# Turftoe's lawn journal 2018



## Turftoe (Jun 28, 2018)

We moved into our new construction home July last year and I just got the itch to start making my lawn look great this summer. The builder put down bermuda sod (not sure which variety) and left many many divots from not placing the sod close enough together. This summer my grass has been lacking green, so I put down some Milo and my HOC is 
1-1/8" with my manual reel mower.

The next steps will be to aerate next week and throw down more Milo. I'm hoping this breaks down the thicker thatch in several places and reduce compaction. I'm hoping to aerate again in the spring before attempting a leveling job to reduce the holes and scalping.


----------



## pennstater2005 (Jul 17, 2017)

Welcome to TLF! Looks like you've got a good start. That's a Greenworks reel mower right? They make pretty good stuff.


----------



## Turftoe (Jun 28, 2018)

pennstater2005 said:


> Welcome to TLF! Looks like you've got a good start. That's a Greenworks reel mower right? They make pretty good stuff.

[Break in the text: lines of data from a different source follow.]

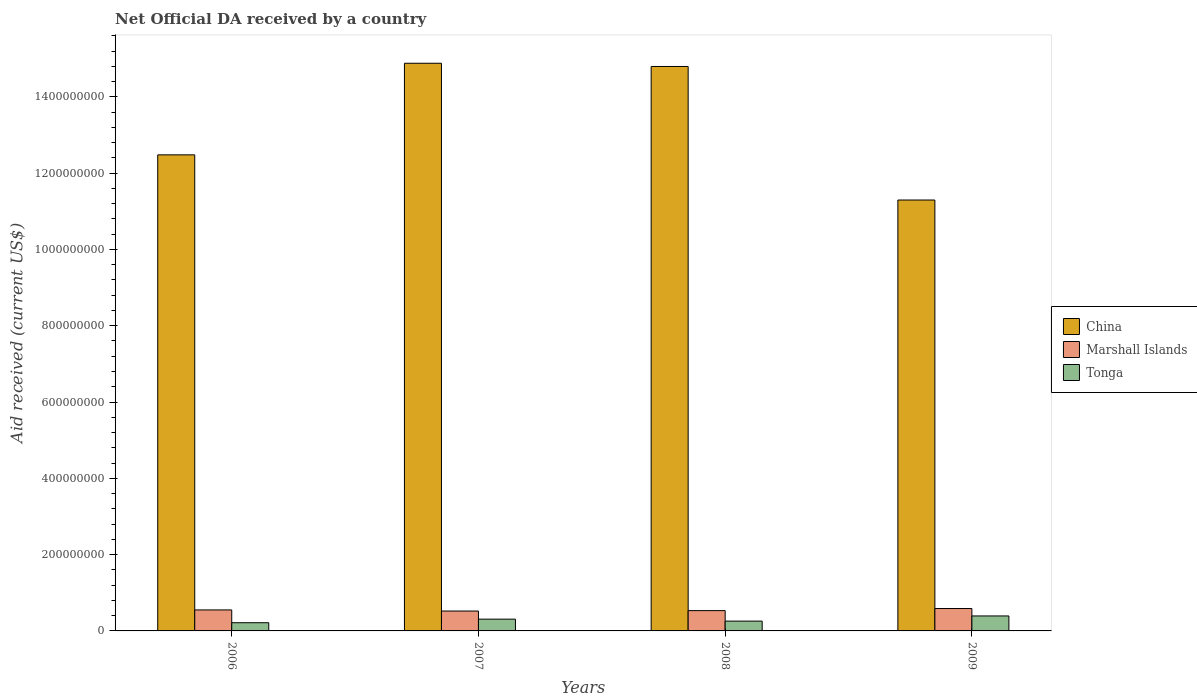How many different coloured bars are there?
Ensure brevity in your answer.  3. How many groups of bars are there?
Your answer should be compact. 4. Are the number of bars on each tick of the X-axis equal?
Offer a very short reply. Yes. How many bars are there on the 4th tick from the left?
Provide a short and direct response. 3. How many bars are there on the 2nd tick from the right?
Provide a short and direct response. 3. In how many cases, is the number of bars for a given year not equal to the number of legend labels?
Provide a short and direct response. 0. What is the net official development assistance aid received in Marshall Islands in 2006?
Make the answer very short. 5.50e+07. Across all years, what is the maximum net official development assistance aid received in China?
Your answer should be compact. 1.49e+09. Across all years, what is the minimum net official development assistance aid received in Marshall Islands?
Give a very brief answer. 5.21e+07. In which year was the net official development assistance aid received in Marshall Islands maximum?
Offer a very short reply. 2009. What is the total net official development assistance aid received in Marshall Islands in the graph?
Your answer should be very brief. 2.19e+08. What is the difference between the net official development assistance aid received in Marshall Islands in 2008 and that in 2009?
Offer a very short reply. -5.48e+06. What is the difference between the net official development assistance aid received in Marshall Islands in 2007 and the net official development assistance aid received in Tonga in 2009?
Ensure brevity in your answer.  1.29e+07. What is the average net official development assistance aid received in Tonga per year?
Provide a short and direct response. 2.93e+07. In the year 2006, what is the difference between the net official development assistance aid received in China and net official development assistance aid received in Marshall Islands?
Provide a succinct answer. 1.19e+09. In how many years, is the net official development assistance aid received in Marshall Islands greater than 720000000 US$?
Provide a short and direct response. 0. What is the ratio of the net official development assistance aid received in Marshall Islands in 2006 to that in 2007?
Provide a short and direct response. 1.06. Is the net official development assistance aid received in Tonga in 2007 less than that in 2009?
Your answer should be compact. Yes. What is the difference between the highest and the second highest net official development assistance aid received in Tonga?
Give a very brief answer. 8.38e+06. What is the difference between the highest and the lowest net official development assistance aid received in Marshall Islands?
Keep it short and to the point. 6.58e+06. In how many years, is the net official development assistance aid received in China greater than the average net official development assistance aid received in China taken over all years?
Keep it short and to the point. 2. Is the sum of the net official development assistance aid received in China in 2006 and 2008 greater than the maximum net official development assistance aid received in Marshall Islands across all years?
Keep it short and to the point. Yes. What does the 3rd bar from the left in 2006 represents?
Your answer should be compact. Tonga. What does the 1st bar from the right in 2009 represents?
Make the answer very short. Tonga. Is it the case that in every year, the sum of the net official development assistance aid received in Marshall Islands and net official development assistance aid received in China is greater than the net official development assistance aid received in Tonga?
Keep it short and to the point. Yes. How many bars are there?
Your answer should be compact. 12. Are the values on the major ticks of Y-axis written in scientific E-notation?
Your answer should be very brief. No. Where does the legend appear in the graph?
Provide a succinct answer. Center right. How are the legend labels stacked?
Give a very brief answer. Vertical. What is the title of the graph?
Keep it short and to the point. Net Official DA received by a country. Does "Djibouti" appear as one of the legend labels in the graph?
Make the answer very short. No. What is the label or title of the X-axis?
Your response must be concise. Years. What is the label or title of the Y-axis?
Your answer should be compact. Aid received (current US$). What is the Aid received (current US$) of China in 2006?
Your answer should be compact. 1.25e+09. What is the Aid received (current US$) in Marshall Islands in 2006?
Your answer should be very brief. 5.50e+07. What is the Aid received (current US$) in Tonga in 2006?
Your answer should be compact. 2.15e+07. What is the Aid received (current US$) of China in 2007?
Give a very brief answer. 1.49e+09. What is the Aid received (current US$) in Marshall Islands in 2007?
Provide a succinct answer. 5.21e+07. What is the Aid received (current US$) of Tonga in 2007?
Your response must be concise. 3.09e+07. What is the Aid received (current US$) of China in 2008?
Your response must be concise. 1.48e+09. What is the Aid received (current US$) in Marshall Islands in 2008?
Keep it short and to the point. 5.32e+07. What is the Aid received (current US$) in Tonga in 2008?
Provide a short and direct response. 2.57e+07. What is the Aid received (current US$) of China in 2009?
Offer a very short reply. 1.13e+09. What is the Aid received (current US$) of Marshall Islands in 2009?
Provide a succinct answer. 5.87e+07. What is the Aid received (current US$) in Tonga in 2009?
Offer a terse response. 3.92e+07. Across all years, what is the maximum Aid received (current US$) of China?
Provide a short and direct response. 1.49e+09. Across all years, what is the maximum Aid received (current US$) in Marshall Islands?
Make the answer very short. 5.87e+07. Across all years, what is the maximum Aid received (current US$) of Tonga?
Your answer should be very brief. 3.92e+07. Across all years, what is the minimum Aid received (current US$) in China?
Provide a succinct answer. 1.13e+09. Across all years, what is the minimum Aid received (current US$) in Marshall Islands?
Your response must be concise. 5.21e+07. Across all years, what is the minimum Aid received (current US$) in Tonga?
Your response must be concise. 2.15e+07. What is the total Aid received (current US$) of China in the graph?
Your answer should be compact. 5.34e+09. What is the total Aid received (current US$) of Marshall Islands in the graph?
Keep it short and to the point. 2.19e+08. What is the total Aid received (current US$) of Tonga in the graph?
Keep it short and to the point. 1.17e+08. What is the difference between the Aid received (current US$) in China in 2006 and that in 2007?
Offer a very short reply. -2.40e+08. What is the difference between the Aid received (current US$) in Marshall Islands in 2006 and that in 2007?
Your response must be concise. 2.92e+06. What is the difference between the Aid received (current US$) in Tonga in 2006 and that in 2007?
Your answer should be compact. -9.37e+06. What is the difference between the Aid received (current US$) in China in 2006 and that in 2008?
Ensure brevity in your answer.  -2.32e+08. What is the difference between the Aid received (current US$) in Marshall Islands in 2006 and that in 2008?
Your response must be concise. 1.82e+06. What is the difference between the Aid received (current US$) in Tonga in 2006 and that in 2008?
Your answer should be compact. -4.22e+06. What is the difference between the Aid received (current US$) of China in 2006 and that in 2009?
Provide a short and direct response. 1.18e+08. What is the difference between the Aid received (current US$) in Marshall Islands in 2006 and that in 2009?
Your answer should be very brief. -3.66e+06. What is the difference between the Aid received (current US$) of Tonga in 2006 and that in 2009?
Provide a short and direct response. -1.78e+07. What is the difference between the Aid received (current US$) in China in 2007 and that in 2008?
Ensure brevity in your answer.  8.43e+06. What is the difference between the Aid received (current US$) of Marshall Islands in 2007 and that in 2008?
Offer a very short reply. -1.10e+06. What is the difference between the Aid received (current US$) in Tonga in 2007 and that in 2008?
Give a very brief answer. 5.15e+06. What is the difference between the Aid received (current US$) in China in 2007 and that in 2009?
Your answer should be very brief. 3.58e+08. What is the difference between the Aid received (current US$) of Marshall Islands in 2007 and that in 2009?
Ensure brevity in your answer.  -6.58e+06. What is the difference between the Aid received (current US$) of Tonga in 2007 and that in 2009?
Provide a short and direct response. -8.38e+06. What is the difference between the Aid received (current US$) of China in 2008 and that in 2009?
Provide a short and direct response. 3.50e+08. What is the difference between the Aid received (current US$) in Marshall Islands in 2008 and that in 2009?
Your response must be concise. -5.48e+06. What is the difference between the Aid received (current US$) of Tonga in 2008 and that in 2009?
Ensure brevity in your answer.  -1.35e+07. What is the difference between the Aid received (current US$) in China in 2006 and the Aid received (current US$) in Marshall Islands in 2007?
Keep it short and to the point. 1.20e+09. What is the difference between the Aid received (current US$) of China in 2006 and the Aid received (current US$) of Tonga in 2007?
Keep it short and to the point. 1.22e+09. What is the difference between the Aid received (current US$) of Marshall Islands in 2006 and the Aid received (current US$) of Tonga in 2007?
Ensure brevity in your answer.  2.42e+07. What is the difference between the Aid received (current US$) in China in 2006 and the Aid received (current US$) in Marshall Islands in 2008?
Offer a very short reply. 1.19e+09. What is the difference between the Aid received (current US$) of China in 2006 and the Aid received (current US$) of Tonga in 2008?
Make the answer very short. 1.22e+09. What is the difference between the Aid received (current US$) of Marshall Islands in 2006 and the Aid received (current US$) of Tonga in 2008?
Make the answer very short. 2.93e+07. What is the difference between the Aid received (current US$) of China in 2006 and the Aid received (current US$) of Marshall Islands in 2009?
Offer a terse response. 1.19e+09. What is the difference between the Aid received (current US$) of China in 2006 and the Aid received (current US$) of Tonga in 2009?
Offer a terse response. 1.21e+09. What is the difference between the Aid received (current US$) of Marshall Islands in 2006 and the Aid received (current US$) of Tonga in 2009?
Ensure brevity in your answer.  1.58e+07. What is the difference between the Aid received (current US$) of China in 2007 and the Aid received (current US$) of Marshall Islands in 2008?
Keep it short and to the point. 1.43e+09. What is the difference between the Aid received (current US$) in China in 2007 and the Aid received (current US$) in Tonga in 2008?
Offer a terse response. 1.46e+09. What is the difference between the Aid received (current US$) of Marshall Islands in 2007 and the Aid received (current US$) of Tonga in 2008?
Ensure brevity in your answer.  2.64e+07. What is the difference between the Aid received (current US$) of China in 2007 and the Aid received (current US$) of Marshall Islands in 2009?
Give a very brief answer. 1.43e+09. What is the difference between the Aid received (current US$) in China in 2007 and the Aid received (current US$) in Tonga in 2009?
Keep it short and to the point. 1.45e+09. What is the difference between the Aid received (current US$) in Marshall Islands in 2007 and the Aid received (current US$) in Tonga in 2009?
Keep it short and to the point. 1.29e+07. What is the difference between the Aid received (current US$) of China in 2008 and the Aid received (current US$) of Marshall Islands in 2009?
Your response must be concise. 1.42e+09. What is the difference between the Aid received (current US$) in China in 2008 and the Aid received (current US$) in Tonga in 2009?
Provide a succinct answer. 1.44e+09. What is the difference between the Aid received (current US$) of Marshall Islands in 2008 and the Aid received (current US$) of Tonga in 2009?
Your answer should be compact. 1.40e+07. What is the average Aid received (current US$) of China per year?
Your response must be concise. 1.34e+09. What is the average Aid received (current US$) of Marshall Islands per year?
Your answer should be very brief. 5.48e+07. What is the average Aid received (current US$) of Tonga per year?
Offer a terse response. 2.93e+07. In the year 2006, what is the difference between the Aid received (current US$) in China and Aid received (current US$) in Marshall Islands?
Provide a short and direct response. 1.19e+09. In the year 2006, what is the difference between the Aid received (current US$) of China and Aid received (current US$) of Tonga?
Provide a succinct answer. 1.23e+09. In the year 2006, what is the difference between the Aid received (current US$) in Marshall Islands and Aid received (current US$) in Tonga?
Your answer should be compact. 3.36e+07. In the year 2007, what is the difference between the Aid received (current US$) of China and Aid received (current US$) of Marshall Islands?
Provide a short and direct response. 1.44e+09. In the year 2007, what is the difference between the Aid received (current US$) of China and Aid received (current US$) of Tonga?
Your response must be concise. 1.46e+09. In the year 2007, what is the difference between the Aid received (current US$) in Marshall Islands and Aid received (current US$) in Tonga?
Provide a short and direct response. 2.13e+07. In the year 2008, what is the difference between the Aid received (current US$) in China and Aid received (current US$) in Marshall Islands?
Your answer should be compact. 1.43e+09. In the year 2008, what is the difference between the Aid received (current US$) of China and Aid received (current US$) of Tonga?
Your response must be concise. 1.45e+09. In the year 2008, what is the difference between the Aid received (current US$) of Marshall Islands and Aid received (current US$) of Tonga?
Your answer should be compact. 2.75e+07. In the year 2009, what is the difference between the Aid received (current US$) of China and Aid received (current US$) of Marshall Islands?
Provide a short and direct response. 1.07e+09. In the year 2009, what is the difference between the Aid received (current US$) in China and Aid received (current US$) in Tonga?
Keep it short and to the point. 1.09e+09. In the year 2009, what is the difference between the Aid received (current US$) of Marshall Islands and Aid received (current US$) of Tonga?
Offer a very short reply. 1.95e+07. What is the ratio of the Aid received (current US$) in China in 2006 to that in 2007?
Provide a short and direct response. 0.84. What is the ratio of the Aid received (current US$) in Marshall Islands in 2006 to that in 2007?
Your answer should be very brief. 1.06. What is the ratio of the Aid received (current US$) of Tonga in 2006 to that in 2007?
Your answer should be very brief. 0.7. What is the ratio of the Aid received (current US$) in China in 2006 to that in 2008?
Provide a short and direct response. 0.84. What is the ratio of the Aid received (current US$) of Marshall Islands in 2006 to that in 2008?
Your answer should be compact. 1.03. What is the ratio of the Aid received (current US$) in Tonga in 2006 to that in 2008?
Keep it short and to the point. 0.84. What is the ratio of the Aid received (current US$) in China in 2006 to that in 2009?
Provide a succinct answer. 1.1. What is the ratio of the Aid received (current US$) in Marshall Islands in 2006 to that in 2009?
Your answer should be compact. 0.94. What is the ratio of the Aid received (current US$) in Tonga in 2006 to that in 2009?
Keep it short and to the point. 0.55. What is the ratio of the Aid received (current US$) in China in 2007 to that in 2008?
Offer a very short reply. 1.01. What is the ratio of the Aid received (current US$) in Marshall Islands in 2007 to that in 2008?
Provide a short and direct response. 0.98. What is the ratio of the Aid received (current US$) of Tonga in 2007 to that in 2008?
Provide a succinct answer. 1.2. What is the ratio of the Aid received (current US$) in China in 2007 to that in 2009?
Ensure brevity in your answer.  1.32. What is the ratio of the Aid received (current US$) of Marshall Islands in 2007 to that in 2009?
Give a very brief answer. 0.89. What is the ratio of the Aid received (current US$) of Tonga in 2007 to that in 2009?
Make the answer very short. 0.79. What is the ratio of the Aid received (current US$) of China in 2008 to that in 2009?
Provide a short and direct response. 1.31. What is the ratio of the Aid received (current US$) of Marshall Islands in 2008 to that in 2009?
Provide a succinct answer. 0.91. What is the ratio of the Aid received (current US$) of Tonga in 2008 to that in 2009?
Offer a terse response. 0.66. What is the difference between the highest and the second highest Aid received (current US$) in China?
Make the answer very short. 8.43e+06. What is the difference between the highest and the second highest Aid received (current US$) of Marshall Islands?
Give a very brief answer. 3.66e+06. What is the difference between the highest and the second highest Aid received (current US$) in Tonga?
Your answer should be compact. 8.38e+06. What is the difference between the highest and the lowest Aid received (current US$) in China?
Provide a short and direct response. 3.58e+08. What is the difference between the highest and the lowest Aid received (current US$) in Marshall Islands?
Make the answer very short. 6.58e+06. What is the difference between the highest and the lowest Aid received (current US$) of Tonga?
Give a very brief answer. 1.78e+07.

Thanks! And yes it is. I wish it cut a bit lower, but until I can start my leveling project it'll get the job done.


----------



## Turftoe (Jun 28, 2018)

Had the lawn aerated yesterday and started picking up cores around 4:30pm. I raked and bagged these little pieces of ga red clay until 9:30pm. It was tough and I'm paying for it today, but I'm hoping this helps to improve the overall state of my lawn. Hit it with a little bit of water last night and plan on putting down some milo and pre-e this afternoon.


----------



## Turftoe (Jun 28, 2018)

After aerating and picking up the cores yesterday, today I put down milo and pre-e. Not really sure what I need to do next, probably just keep cutting it every other day and pray that it greens up.


----------



## Turftoe (Jun 28, 2018)

I threw down 3 more bags of Milo the other day (~.8 lb/K) and then removed the tree this past weekend. I leveled the patch as best as I could and then today put out 1/2 bag of Scott's Lawn Soil. I pulled a lot of runners from the other edges of the lawn and planted them across the patch. I have never done this before so any feedback would be greatly appreciated. I used a screwdriver to put a hole and then put a sprig in each. I'm hoping this takes off and fills in before the season is over. Fingers crossed.


----------



## Turftoe (Jun 28, 2018)

Yesterday I mowed & trimmed. Also put down my first FEature app @ 2oz/K. Eager to see how it does.


----------